+++ Dataset excerpts
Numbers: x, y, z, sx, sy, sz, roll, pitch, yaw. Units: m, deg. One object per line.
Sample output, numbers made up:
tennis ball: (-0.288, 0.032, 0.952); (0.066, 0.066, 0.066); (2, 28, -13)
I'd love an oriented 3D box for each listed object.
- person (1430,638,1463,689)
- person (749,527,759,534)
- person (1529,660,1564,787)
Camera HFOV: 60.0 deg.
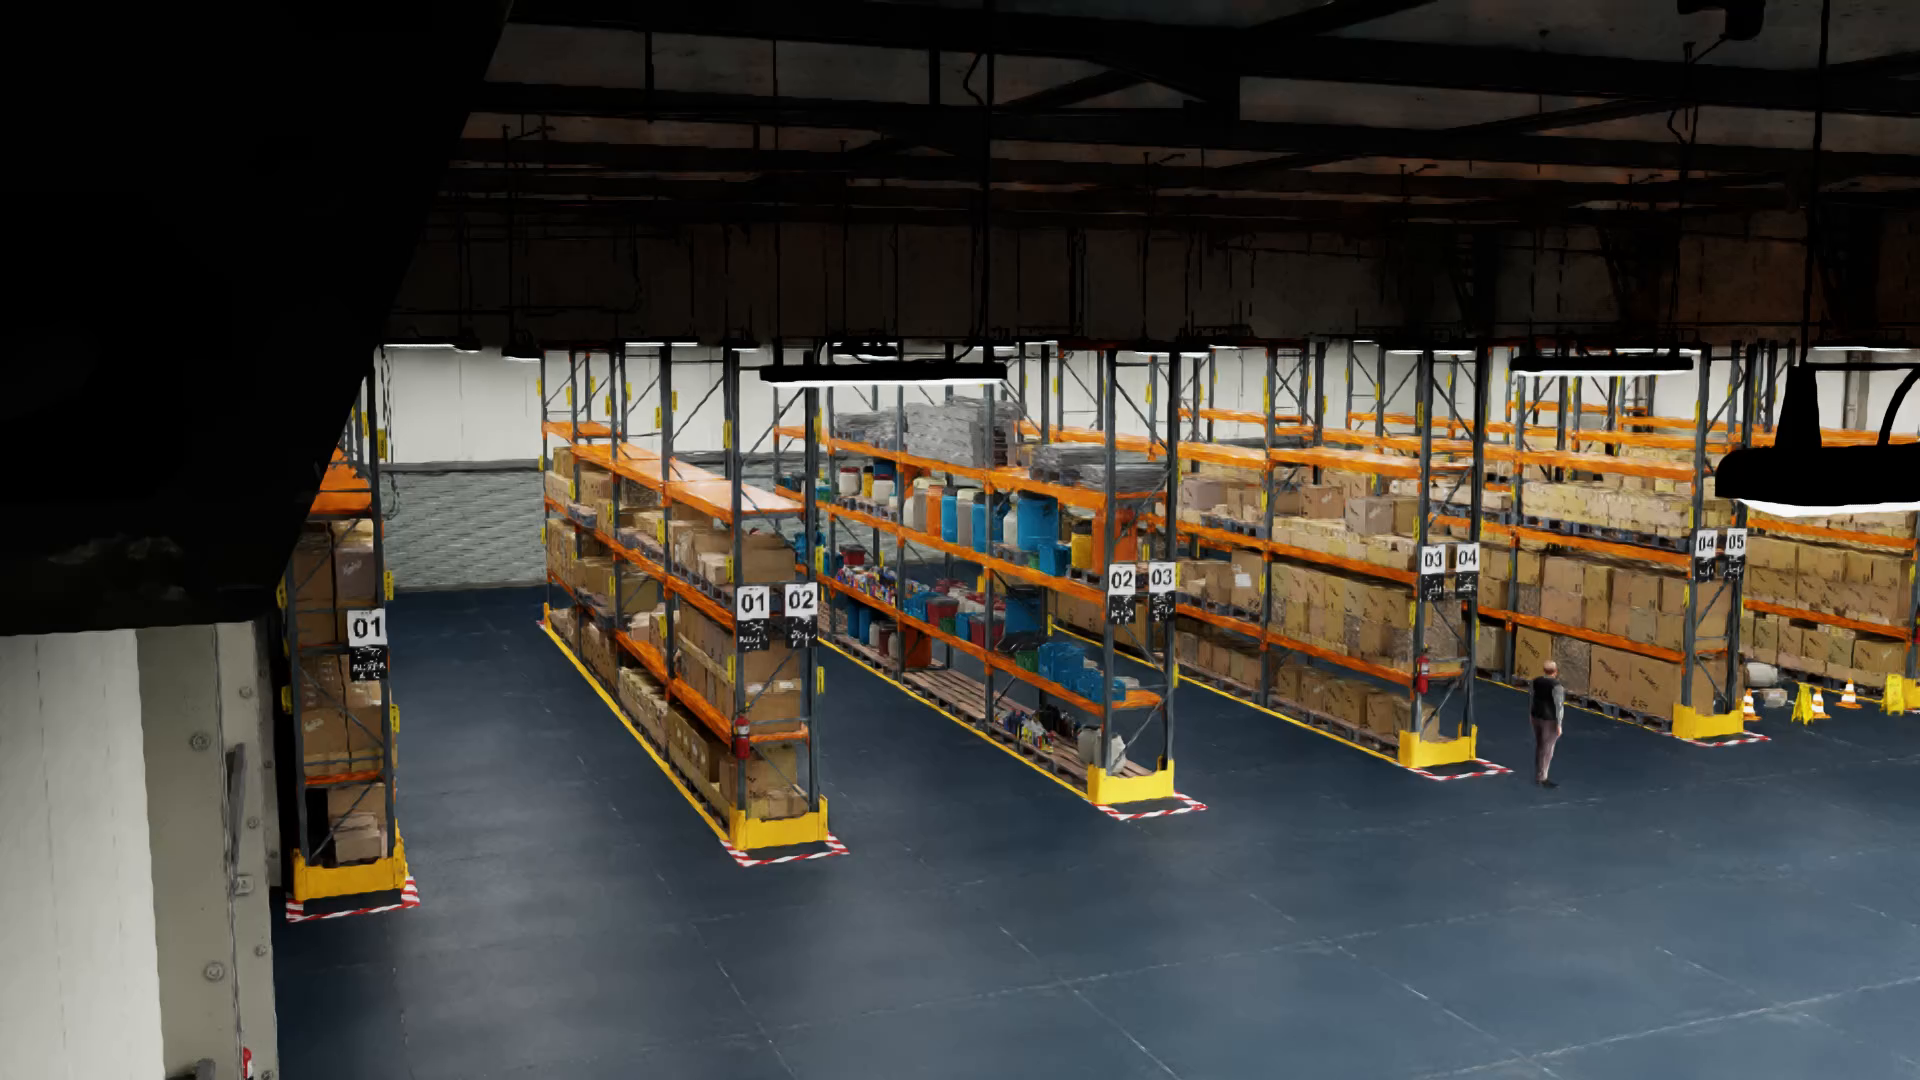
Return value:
person: (8.509, 1.747, 29.011); (0.517, 1.634, 0.536); (1, 7, 7)
person: (-4.867, 0.531, 38.289); (0.495, 1.665, 0.649); (4, 8, 27)
person: (8.100, 2.499, 22.963); (0.499, 1.719, 0.709); (-3, 8, -24)
++++++
### What the task asks
The pictures in the entries above should be left out; all else must be copied exactly.

### Exercise answer
Numbers: x, y, z, sx, sy, sz, roll, pitch, yaw. Units: m, deg. One object per line.
Sample output, numbers made up:
tennis ball: (-0.288, 0.032, 0.952); (0.066, 0.066, 0.066); (2, 28, -13)
I'd love an oriented 3D box for each listed object.
- person (1430,638,1463,689)
- person (749,527,759,534)
- person (1529,660,1564,787)
Camera HFOV: 60.0 deg.
Return value:
person: (8.509, 1.747, 29.011); (0.517, 1.634, 0.536); (1, 7, 7)
person: (-4.867, 0.531, 38.289); (0.495, 1.665, 0.649); (4, 8, 27)
person: (8.100, 2.499, 22.963); (0.499, 1.719, 0.709); (-3, 8, -24)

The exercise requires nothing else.